Неблагодарное искусство –
Любить меня, а не себя…
Музыка стихла.
– Госпожа, – позвал меня Азиз. – Можно я запишу ваши стихи?
– Пользуйся, – расщедрилась я, чувствуя себя чуть ли не благодетельницей.
В это время из-за бархана показалась симпатичная морда маленького лопоухого ослика. Я шустро вскочила с места, невежливо уперлась в нее рукой, запихивая обратно и причитая:
– Нашли время, когда прийти! Они и так не знают, что со мной делать!
– Да мы послушать! – обиделся Веселый Дервиш.
Ослик согласно закивал и состроил умильные глазки.
– Кто там? – вытащил саблю из ножен Рашид. – С кем вы там разговариваете?
– Тут ко мне дедушка на огонек зашел, – сказала я. – С другом! И уже уходят! Чаю для них не надо, самим мало!
– Откуда он взялся? – хмурил брови кочевник, к которому начали стекаться все члены отряда.
– Мимо шел! – загораживала я пришельцев. – Случайно! И на меня наткнулся!
– Вообще-то, – подал голос Веселый Дервиш, – мы тебя специально искали, чтобы сказать:
Коль ты герой – то сразу худший из людей,
Если отшельником живешь – так вообще злодей,
И будь хоть ты талантлив, как великий гений,
Спокойно проживешь, лишь если прячешься в безвестье.
И добавил:
В ночной тиши вступаю в храм родной,
Не буду здесь просить Творца себе судьбы иной,
Недавно коврик я стащил отсюда –
Он истрепался, будет мне другой.
– Сказали? – вызверилась я. – Все! Я поняла, запомнила гробокопательские сентенции и начинаю веселиться!

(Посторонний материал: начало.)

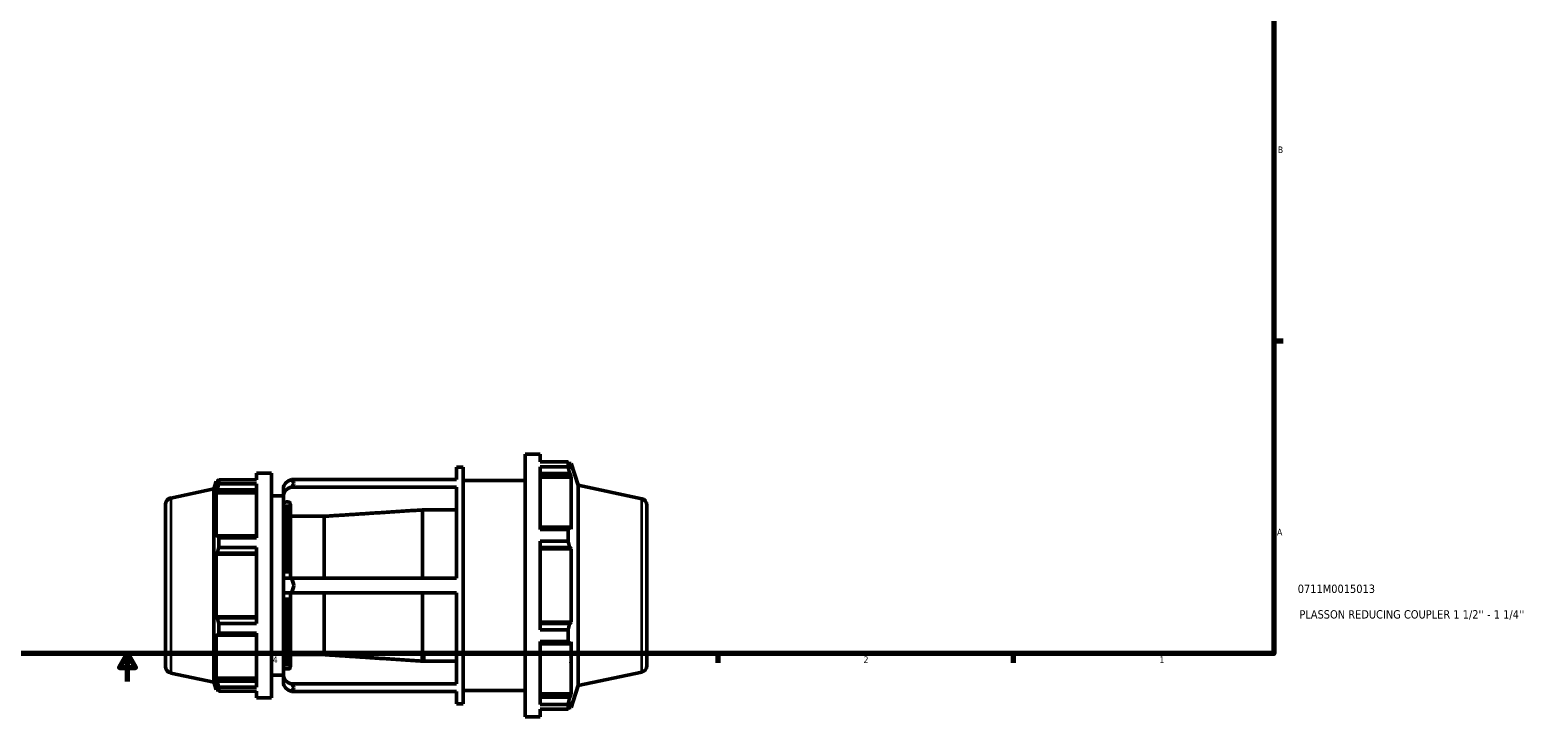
# Model space of a CAD drawing. Header units: inches. Extents: x -3.5 to 52.7, y -14.1 to 34.
# Tile 4 of 8: x 15.6 to 37.3, y 0.1 to 10. Entities that reach past the tile are written whole.
import ezdxf

# ---------------------------------------------------------------- set-up
doc = ezdxf.new("R2010")
doc.units = ezdxf.units.IN
doc.header["$MEASUREMENT"] = 0
for name, color, linetype, lineweight in [('Border (ANSI)', 7, 'Continuous', 70), ('Title (ANSI)', 7, 'Continuous', 50), ('Visible (ANSI)', 7, 'Continuous', 50), ('Visible Narrow (ANSI)', 7, 'Continuous', 35)]:
    doc.layers.add(name, color=color, linetype=linetype, lineweight=lineweight)
doc.styles.add('Note Text (ANSI)', font='tahoma.ttf')
doc.styles.add('Text Style29', font='tahoma.ttf')

# ---------------------------------------------------------------- blocks, each defined once
blk = doc.blocks.new('Borders Default Border')
at = {"layer": 'Border (ANSI)'}
for p, q in [((33.5, 5.5), (33.634, 5.5)), ((21.25, 1), (21.25, 0.866)), ((25.5, 1), (25.5, 0.866)), ((29.75, 1), (29.75, 0.866))]:
    blk.add_line(p, q, dxfattribs=at)
at = {"layer": 'Border (ANSI)', "flags": 128}
for points in [[(0.5, 1), (0.5, 21), (33.5, 21), (33.5, 1), (0.5, 1)], [(17, 0.6), (17, 1), (16.885, 0.8), (17.115, 0.8), (17, 1)]]:
    blk.add_lwpolyline(points, dxfattribs=at)
at = {"layer": 'Border (ANSI)', "color": 5, "true_color": 0x0000ff, "char_height": 0.0945, "attachment_point": 7, "style": 'Note Text (ANSI)'}
for s, insert in [('B', (33.558, 8.203)), ('A', (33.547, 2.703)), ('4', (19.092, 0.866)), ('3', (23.346, 0.864)), ('2', (27.596, 0.866)), ('1', (31.854, 0.866))]:
    blk.add_mtext(s, dxfattribs=dict(at, insert=insert))
blk = doc.blocks.new('Title Blocks ANSI - Large')
at = {"layer": 'Title (ANSI)', "color": 5, "true_color": 0x0000ff, "style": 'Text Style29'}
for tag, p in [('PART_NUMBER_001', (0.345, 0.873)), ('DESCRIPTION_001', (0.369, 0.505))]:
    blk.add_attdef(tag, p, '', height=0.12, dxfattribs=at)

msp = doc.modelspace()

# ---------------------------------------------------------------- linework, layer by layer
at = {"layer": 'Visible (ANSI)'}
for p, q in [((22.725, 0.09), (22.725, 3.87)), ((22.725, 3.87), (22.941, 3.87)), ((22.941, 3.759), (22.941, 3.87)), ((22.941, 3.759), (23.342, 3.759)), ((22.941, 2.785), (22.941, 3.69)), ((23.342, 3.69), (22.941, 3.69)), ((23.342, 3.69), (23.342, 3.759)), ((23.352, 3.738), (23.385, 3.738)), ((23.385, 3.657), (23.366, 3.711)), ((23.487, 3.422), (23.385, 3.738)), ((23.385, 3.657), (23.385, 3.738)), ((18.241, 3.371), (18.277, 3.482)), ((18.277, 3.482), (18.277, 3.413)), ((18.305, 3.482), (18.277, 3.482)), ((18.314, 3.5), (18.857, 3.5)), ((18.314, 3.442), (18.314, 3.5)), ((18.857, 3.595), (18.857, 3.5)), ((18.857, 3.595), (19.073, 3.595)), ((19.073, 3.595), (19.073, 0.365)), ((19.365, 3.504), (21.734, 3.504)), ((21.734, 3.504), (21.734, 3.681)), ((21.734, 3.681), (21.833, 3.681)), ((21.833, 0.279), (21.833, 3.681)), ((21.833, 3.492), (22.725, 3.492)), ((22.941, 3.59), (23.366, 3.59)), ((22.941, 3.539), (23.385, 3.539)), ((23.366, 3.59), (23.385, 3.539)), ((23.385, 2.792), (23.385, 3.539)), ((17.623, 3.239), (18.241, 3.371)), ((18.241, 0.59), (18.241, 3.371)), ((18.293, 3.459), (18.277, 3.413)), ((18.277, 3.313), (18.293, 3.356)), ((18.857, 3.313), (18.277, 3.313)), ((18.277, 3.313), (18.277, 2.674)), ((18.293, 3.356), (18.857, 3.356)), ((18.857, 3.442), (18.314, 3.442)), ((18.857, 3.442), (18.857, 2.668)), ((19.073, 3.272), (19.246, 3.272)), ((19.246, 3.376), (19.246, 3.401)), ((19.246, 3.376), (19.246, 3.269)), ((19.246, 3.269), (19.246, 3.153)), ((21.734, 3.397), (19.365, 3.397)), ((21.734, 2.088), (21.734, 3.397)), ((23.487, 0.539), (23.487, 3.422)), ((24.402, 3.227), (23.487, 3.422)), ((17.548, 0.814), (17.548, 3.147)), ((19.246, 2.088), (19.246, 3.153)), ((19.312, 3.182), (19.279, 3.182)), ((19.345, 3.153), (19.345, 2.088)), ((21.247, 2.088), (21.247, 3.068)), ((21.734, 3.068), (21.247, 3.068)), ((24.477, 3.135), (24.477, 0.826)), ((19.832, 2.976), (19.345, 2.976)), ((19.832, 2.088), (19.832, 2.976)), ((18.293, 2.696), (18.277, 2.674)), ((18.857, 2.696), (18.293, 2.696)), ((18.314, 2.668), (18.857, 2.668)), ((18.314, 2.527), (18.314, 2.668)), ((23.366, 2.818), (22.941, 2.818)), ((22.941, 2.785), (23.342, 2.785)), ((22.941, 1.34), (22.941, 2.62)), ((23.342, 2.62), (22.941, 2.62)), ((23.342, 2.62), (23.342, 2.785)), ((23.385, 2.792), (23.366, 2.818)), ((18.277, 2.432), (18.293, 2.447)), ((18.857, 2.432), (18.277, 2.432)), ((18.277, 2.432), (18.277, 1.529)), ((18.293, 2.447), (18.857, 2.447)), ((18.857, 2.527), (18.314, 2.527)), ((18.857, 2.527), (18.857, 1.433)), ((22.941, 2.526), (23.366, 2.526)), ((22.941, 2.509), (23.385, 2.509)), ((23.366, 2.526), (23.385, 2.509)), ((23.385, 1.452), (23.385, 2.509)), ((19.246, 2.088), (19.365, 2.088)), ((19.246, 2.088), (19.246, 1.873)), ((19.365, 2.088), (21.734, 2.088)), ((19.365, 1.873), (19.246, 1.873)), ((19.246, 0.808), (19.246, 1.873)), ((19.345, 1.873), (19.345, 0.808)), ((21.734, 1.873), (19.365, 1.873)), ((19.832, 0.985), (19.832, 1.873)), ((21.247, 0.892), (21.247, 1.873)), ((21.734, 0.564), (21.734, 1.873)), ((18.857, 1.529), (18.277, 1.529)), ((18.293, 1.514), (18.277, 1.529)), ((18.857, 1.514), (18.293, 1.514)), ((18.314, 1.433), (18.857, 1.433)), ((18.314, 1.292), (18.314, 1.433)), ((22.941, 1.452), (23.385, 1.452)), ((23.366, 1.435), (22.941, 1.435)), ((22.941, 1.34), (23.342, 1.34)), ((23.342, 1.175), (23.342, 1.34)), ((23.385, 1.452), (23.366, 1.435)), ((18.277, 1.287), (18.293, 1.264)), ((18.277, 1.287), (18.277, 0.648)), ((18.293, 1.264), (18.857, 1.264)), ((18.857, 1.292), (18.314, 1.292)), ((18.857, 1.292), (18.857, 0.519)), ((22.941, 0.27), (22.941, 1.175)), ((23.342, 1.175), (22.941, 1.175)), ((22.941, 1.143), (23.366, 1.143)), ((23.366, 1.143), (23.385, 1.169)), ((23.385, 0.421), (23.385, 1.169)), ((19.345, 0.985), (19.832, 0.985)), ((21.247, 0.892), (21.734, 0.892)), ((17.623, 0.721), (18.241, 0.59)), ((19.073, 0.688), (19.246, 0.688)), ((19.246, 0.808), (19.246, 0.692)), ((19.246, 0.692), (19.246, 0.584)), ((19.279, 0.779), (19.312, 0.779)), ((24.402, 0.733), (23.487, 0.539)), ((18.241, 0.59), (18.277, 0.478)), ((18.857, 0.648), (18.277, 0.648)), ((18.293, 0.605), (18.277, 0.648)), ((18.277, 0.548), (18.293, 0.502)), ((18.277, 0.548), (18.277, 0.478)), ((18.305, 0.478), (18.277, 0.478)), ((18.857, 0.605), (18.293, 0.605)), ((18.314, 0.519), (18.857, 0.519)), ((18.314, 0.461), (18.314, 0.519)), ((18.857, 0.461), (18.314, 0.461)), ((18.857, 0.461), (18.857, 0.365)), ((19.246, 0.56), (19.246, 0.584)), ((19.365, 0.564), (21.734, 0.564)), ((21.734, 0.456), (19.365, 0.456)), ((21.734, 0.279), (21.734, 0.456)), ((21.833, 0.468), (22.725, 0.468)), ((23.487, 0.539), (23.385, 0.223)), ((18.857, 0.365), (19.073, 0.365)), ((21.734, 0.279), (21.833, 0.279)), ((22.941, 0.421), (23.385, 0.421)), ((23.366, 0.371), (22.941, 0.371)), ((22.941, 0.27), (23.342, 0.27)), ((23.342, 0.202), (23.342, 0.27)), ((23.352, 0.223), (23.385, 0.223)), ((23.385, 0.421), (23.366, 0.371)), ((23.366, 0.25), (23.385, 0.304)), ((23.385, 0.223), (23.385, 0.304)), ((22.725, 0.09), (22.941, 0.09)), ((22.941, 0.09), (22.941, 0.202)), ((23.342, 0.202), (22.941, 0.202))]:
    msp.add_line(p, q, dxfattribs=at)
for centre, radius, start, end in [((19.279, 3.401), 0.0331, 131.9571, 180), ((17.643, 3.147), 0.0947, 102, 180), ((24.383, 3.135), 0.0947, 0, 78), ((17.643, 0.814), 0.0947, 180, 258), ((24.383, 0.826), 0.0947, 282, 0), ((19.279, 0.56), 0.0331, 180, 228.0429)]:
    msp.add_arc(centre, radius, start, end, dxfattribs=at)
for centre, start_param, end_param in [((19.397, 3.376), 4.925198, 6.283185), ((19.397, 3.269), 4.925198, 6.283185), ((19.397, 0.692), 0, 1.357987), ((19.397, 0.584), 0, 1.357987)]:
    msp.add_ellipse(centre, major_axis=(-0.151, 0), ratio=0.866025, start_param=start_param, end_param=end_param, dxfattribs=at)
for points, weights in [([(23.342, 3.759), (23.354, 3.734), (23.366, 3.711)], [1, 1.00324495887, 1.00567881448]), ([(23.366, 3.59), (23.354, 3.639), (23.342, 3.69)], [1.00567881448, 1.00324495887, 1]), ([(18.293, 3.459), (18.303, 3.479), (18.314, 3.5)], [1.002380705, 1.00159854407, 1]), ([(18.314, 3.442), (18.303, 3.398), (18.293, 3.356)], [1, 1.00159854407, 1.002380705]), ([(21.247, 3.068), (20.51, 3.02), (19.832, 2.976)], [1, 1.000883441, 1]), ([(18.293, 2.696), (18.303, 2.682), (18.314, 2.668)], [1.002380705, 1.00159854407, 1]), ([(23.342, 2.785), (23.354, 2.802), (23.366, 2.818)], [1, 1.00324495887, 1.00567881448]), ([(23.366, 2.526), (23.354, 2.572), (23.342, 2.62)], [1.00567881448, 1.00324495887, 1]), ([(18.314, 2.527), (18.303, 2.486), (18.293, 2.447)], [1, 1.00159854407, 1.002380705]), ([(18.293, 1.514), (18.303, 1.475), (18.314, 1.433)], [1.002380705, 1.00159854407, 1]), ([(23.342, 1.34), (23.354, 1.388), (23.366, 1.435)], [1, 1.00324495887, 1.00567881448]), ([(18.314, 1.292), (18.303, 1.278), (18.293, 1.264)], [1, 1.00159854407, 1.002380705]), ([(23.366, 1.143), (23.354, 1.159), (23.342, 1.175)], [1.00567881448, 1.00324495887, 1]), ([(19.832, 0.985), (20.51, 0.94), (21.247, 0.892)], [1, 1.0008834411, 1]), ([(18.293, 0.605), (18.303, 0.563), (18.314, 0.519)], [1.002380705, 1.00159854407, 1]), ([(18.314, 0.461), (18.303, 0.482), (18.293, 0.502)], [1, 1.00159854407, 1.002380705]), ([(23.342, 0.27), (23.354, 0.322), (23.366, 0.371)], [1, 1.00324495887, 1.00567881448]), ([(23.366, 0.25), (23.354, 0.226), (23.342, 0.202)], [1.00567881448, 1.00324495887, 1])]:
    msp.add_rational_spline(points, weights, degree=2, dxfattribs=at)
for points in [[(19.397, 3.453), (19.387, 3.471), (19.376, 3.488), (19.365, 3.504)], [(19.365, 3.397), (19.376, 3.417), (19.387, 3.436), (19.397, 3.453)], [(19.397, 1.98), (19.387, 2.015), (19.376, 2.051), (19.365, 2.088)], [(19.365, 1.873), (19.376, 1.91), (19.387, 1.946), (19.397, 1.98)], [(19.397, 0.507), (19.387, 0.525), (19.376, 0.544), (19.365, 0.564)], [(19.365, 0.456), (19.376, 0.473), (19.387, 0.49), (19.397, 0.507)]]:
    msp.add_open_spline(points, degree=3, dxfattribs=at)
for points, knots in [([(19.279, 3.182), (19.275, 3.182), (19.27, 3.181), (19.263, 3.178), (19.258, 3.176), (19.253, 3.171), (19.25, 3.167), (19.247, 3.161), (19.246, 3.157), (19.246, 3.153)], [0, 0, 0, 0, 0.0311465, 0.0311465, 0.0623368, 0.0623368, 0.0935815, 0.0935815, 0.1248735, 0.1248735, 0.1248735, 0.1248735]), ([(19.345, 3.153), (19.345, 3.157), (19.344, 3.161), (19.341, 3.167), (19.338, 3.171), (19.332, 3.176), (19.328, 3.178), (19.321, 3.181), (19.316, 3.182), (19.312, 3.182)], [-0.1248735, -0.1248735, -0.1248735, -0.1248735, -0.0935815, -0.0935815, -0.0623368, -0.0623368, -0.0311465, -0.0311465, 0, 0, 0, 0]), ([(19.246, 0.808), (19.246, 0.804), (19.247, 0.8), (19.25, 0.793), (19.253, 0.79), (19.258, 0.785), (19.263, 0.782), (19.27, 0.78), (19.275, 0.779), (19.279, 0.779)], [-0.1248735, -0.1248735, -0.1248735, -0.1248735, -0.0935815, -0.0935815, -0.0623368, -0.0623368, -0.0311465, -0.0311465, 0, 0, 0, 0]), ([(19.312, 0.779), (19.316, 0.779), (19.321, 0.78), (19.328, 0.782), (19.332, 0.785), (19.338, 0.79), (19.341, 0.793), (19.344, 0.8), (19.345, 0.804), (19.345, 0.808)], [0, 0, 0, 0, 0.0311465, 0.0311465, 0.0623368, 0.0623368, 0.0935815, 0.0935815, 0.1248735, 0.1248735, 0.1248735, 0.1248735])]:
    msp.add_open_spline(points, degree=3, knots=knots, dxfattribs=at)
at = {"layer": 'Visible Narrow (ANSI)'}
for p, q in [((17.623, 3.224), (17.623, 0.737)), ((19.279, 3.144), (19.279, 2.153)), ((19.312, 2.153), (19.312, 3.144)), ((24.402, 0.749), (24.402, 3.212)), ((19.279, 1.808), (19.279, 0.817)), ((19.312, 0.817), (19.312, 1.808))]:
    msp.add_line(p, q, dxfattribs=at)

# ---------------------------------------------------------------- block references
msp.add_blockref('Borders Default Border', (0, 0))
msp.add_blockref('Title Blocks ANSI - Large', (33.5, 1)).add_auto_attribs({'PART_NUMBER_001': '0711M0015013', 'DESCRIPTION_001': "PLASSON REDUCING COUPLER 1 1/2'' - 1 1/4''"})

doc.saveas('drawing.dxf')

– А почему твой дедушка так странно разговаривает? – удивился Рашид, обходя меня стороной, чтобы полюбоваться на ослика.
Право слово, не на Веселого Дервиша же ему глазеть!
– Потому что моя внучка, девушка с глазами цвета амариллиса, – хитро прищурился старик, пряча усмешку, – никогда не слушает старших. Приходится ей постоянно об этом напоминать.
– Все, деда, – истово закивала я, не зная уже, как прикрывать эту парочку. – Я просветлела рассудком и зашевелила мозгами. Могу я теперь побыть в одиночестве с этими милыми мужчинами?
– Да пожалуйста, внученька! – хмыкнул старик. – Только помни, что ты – не то, кем кажешься, а та, кем себя ощущаешь! – И растаял, подлец такой!
– Веселый Дервиш! – полетел по отряду тихий шепот, и все дружно брякнулись на колени.
– Приплыли! – уныло сказала я. Помолчала, глядя на коленопреклоненных мужчин, и безнадежно поинтересовалась: – Тут нигде поблизости большого дерева нет?
– Зачем вам? – осторожно спросил Рашид, всем своим видом показывая, что если надо, то сейчас же посадит, вырастит и мне преподнесет.
– Повеситься хочу, – призналась я. – Или, в крайнем случае, вырвать с корнем и отгонять назойливых незваных гостей!